I was given several silicone pans before we moved; they are easy to store, took up little room or weight in our bags, and are fun and easy to use. We’ve used them without a complaint until today. Today we made pizza. We don’t own a cookie sheet (our oven is too small to hold a regular sized cookie sheet) so we put each personal pizza on one of our silicone pans and put them in the oven, set on Low.

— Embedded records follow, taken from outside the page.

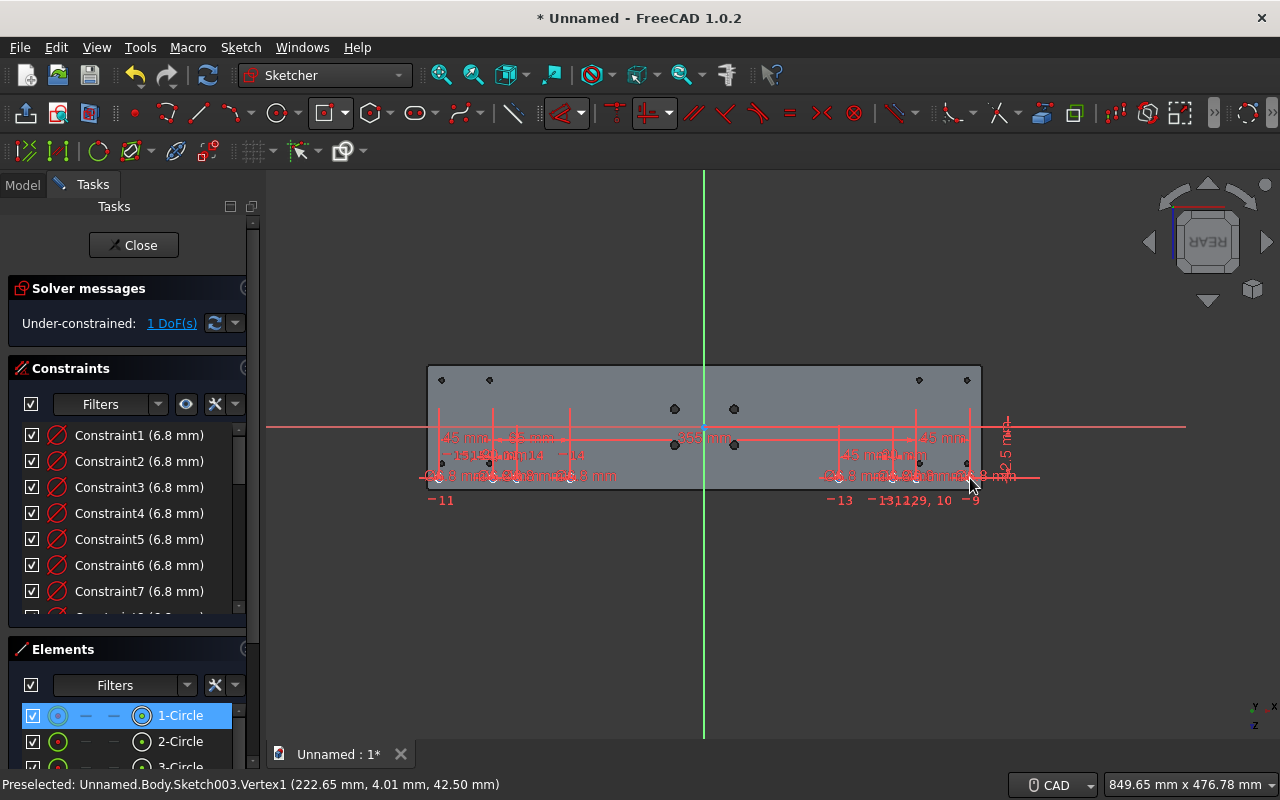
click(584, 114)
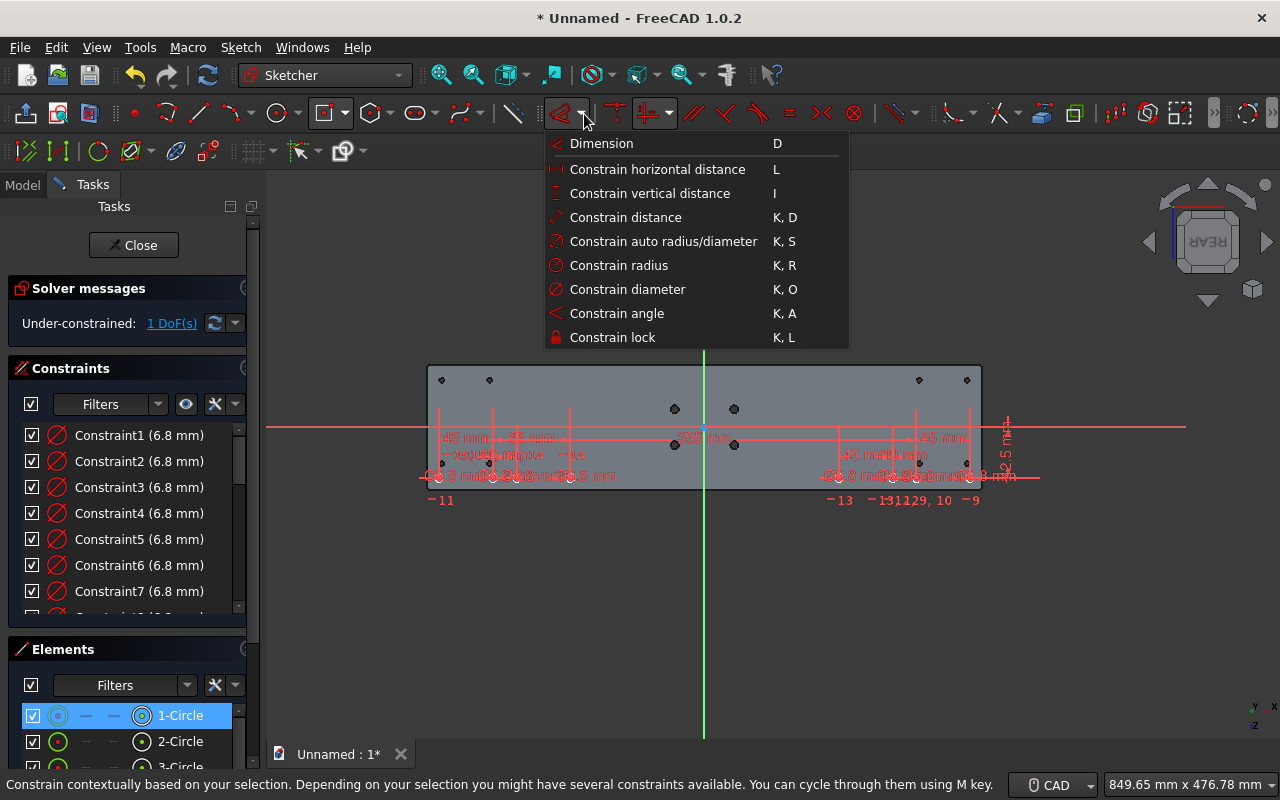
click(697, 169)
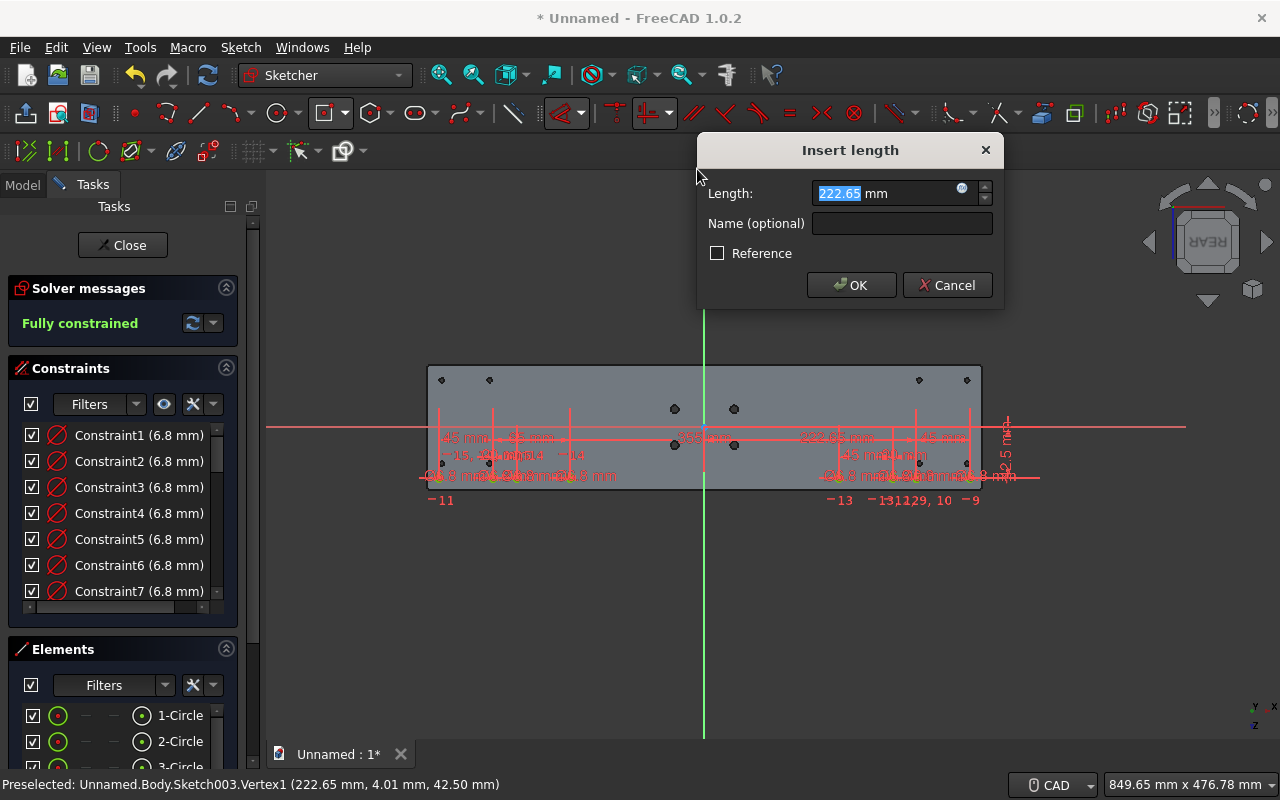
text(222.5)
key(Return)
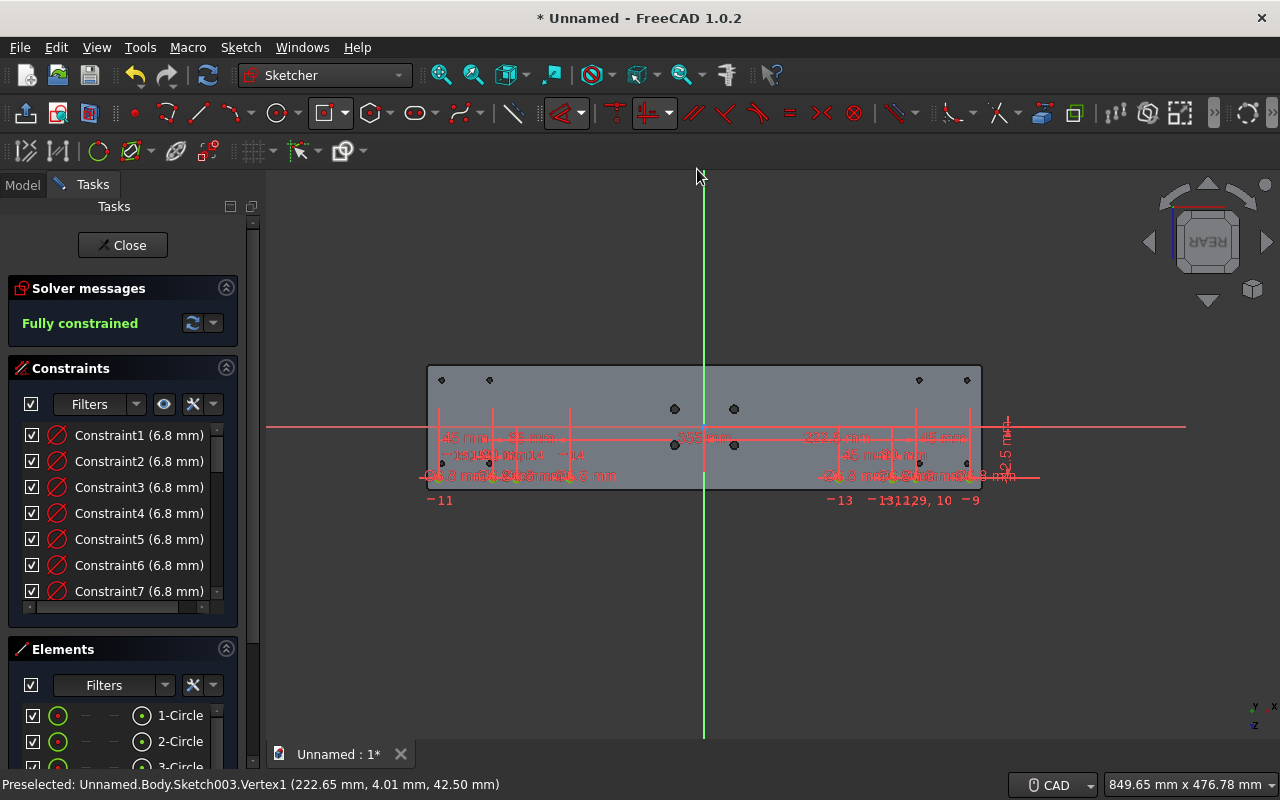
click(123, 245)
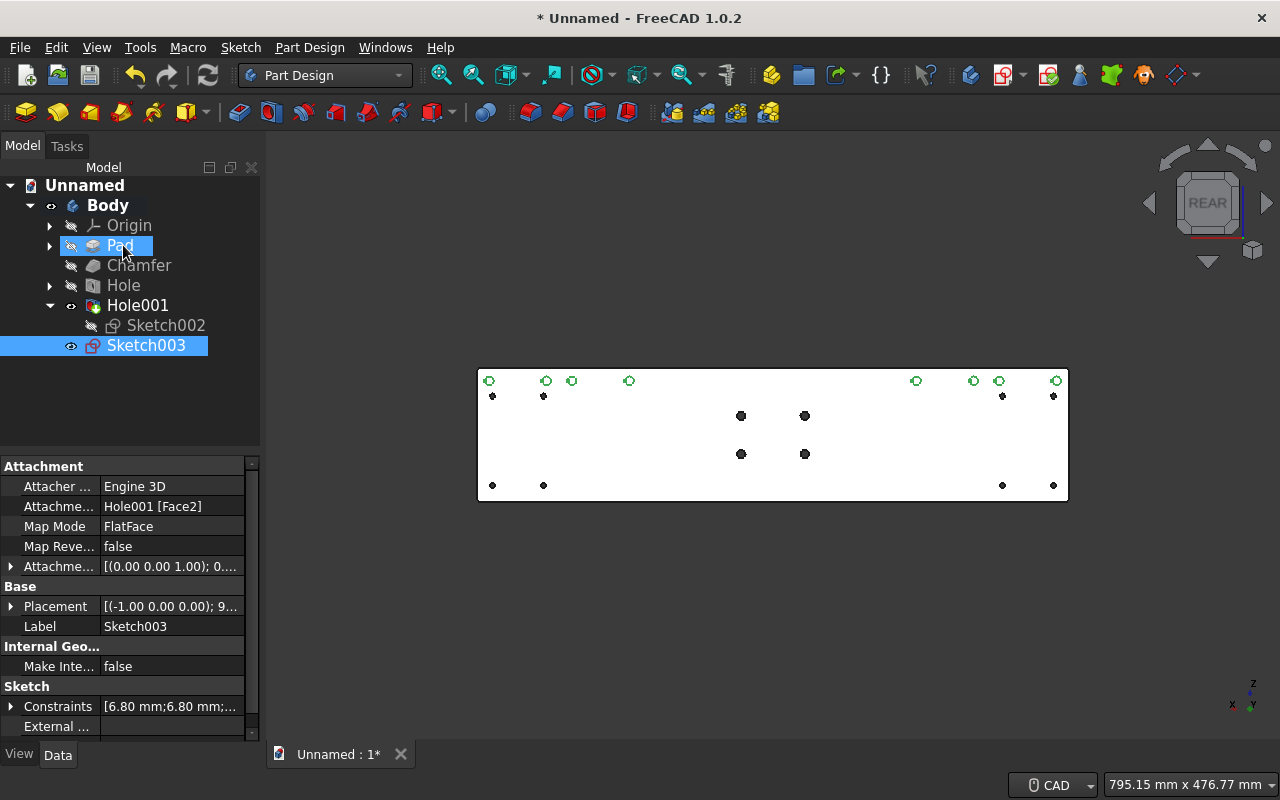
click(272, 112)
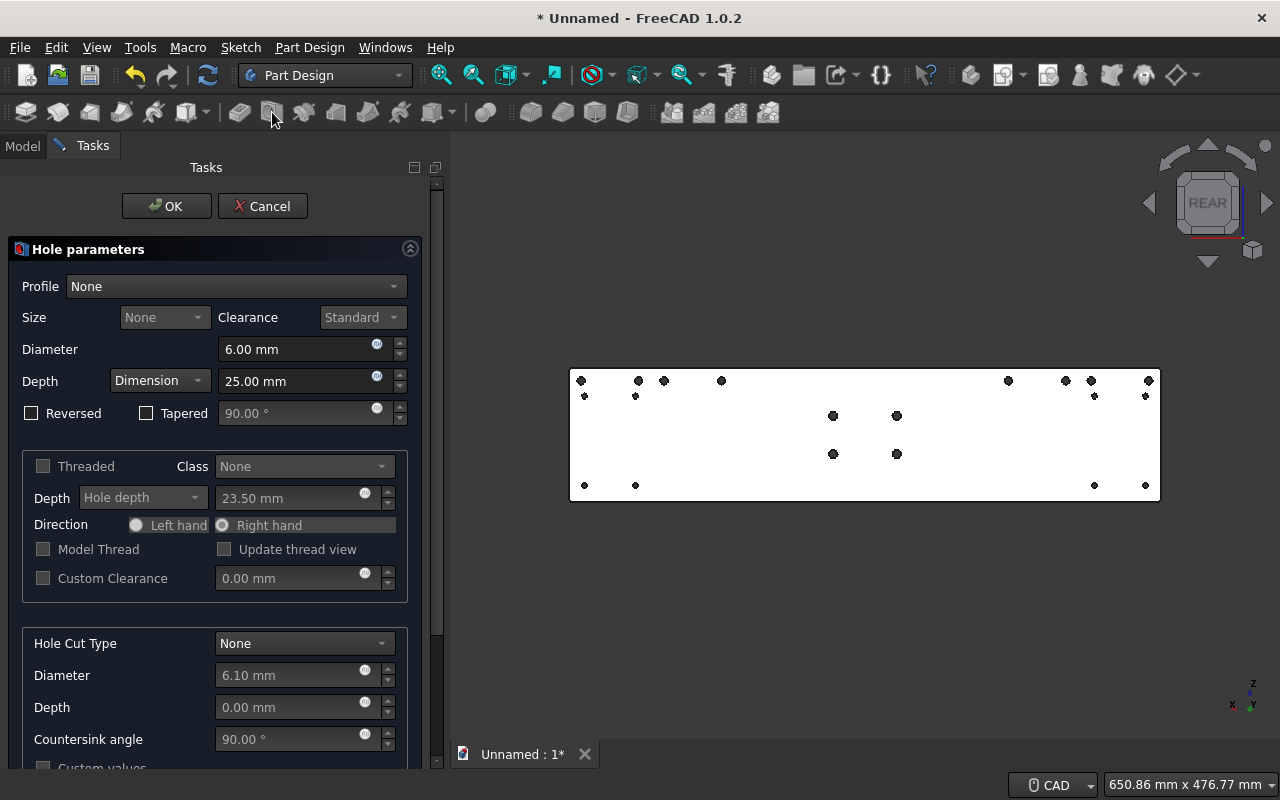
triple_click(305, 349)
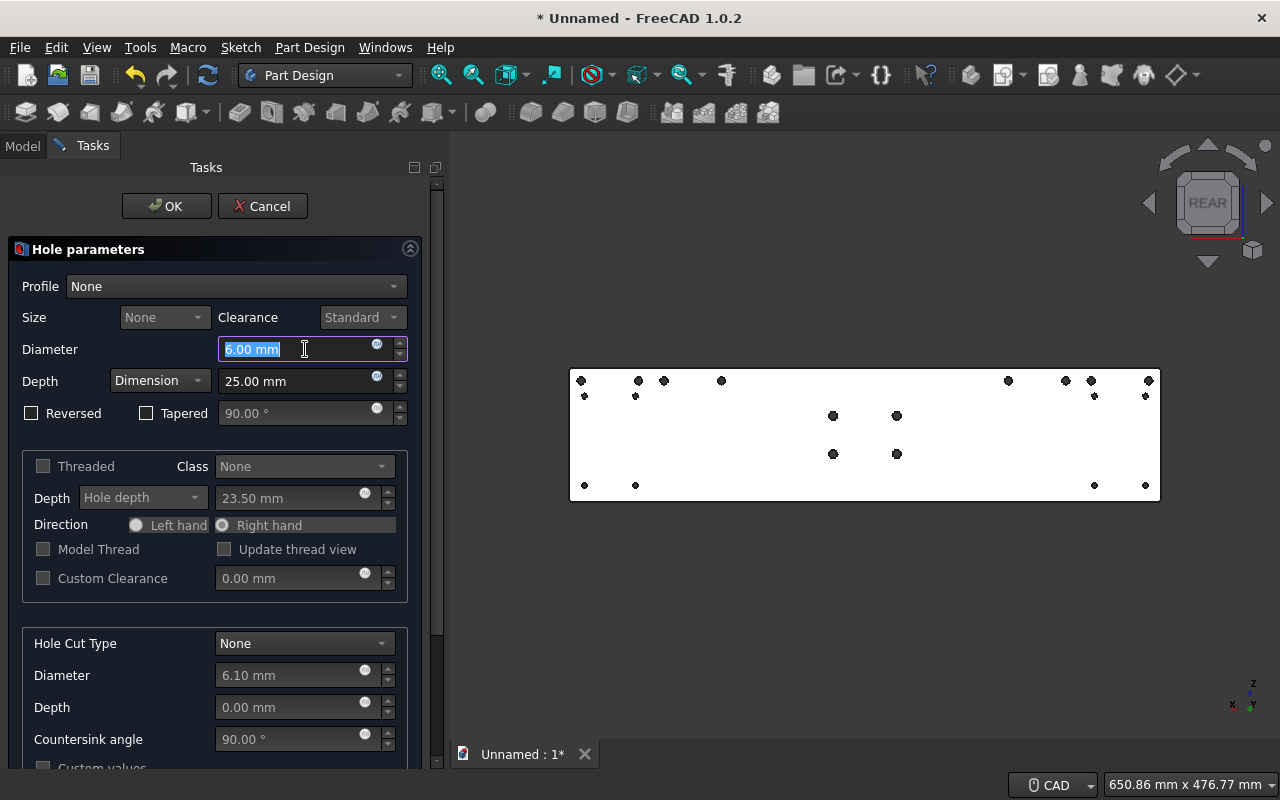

The silicone pans are advertised to be heat-resistant up to 500 degrees Fahrenheit. The result made me a little terrified to know what temperature our oven has actually been reaching. Taking one of the pans out of the oven (the one closest to the flames), we discovered the bottom had been burnt and one edge melted, so that when we lifted it, it tore down the side.

500 degrees, my foot.

What do you think?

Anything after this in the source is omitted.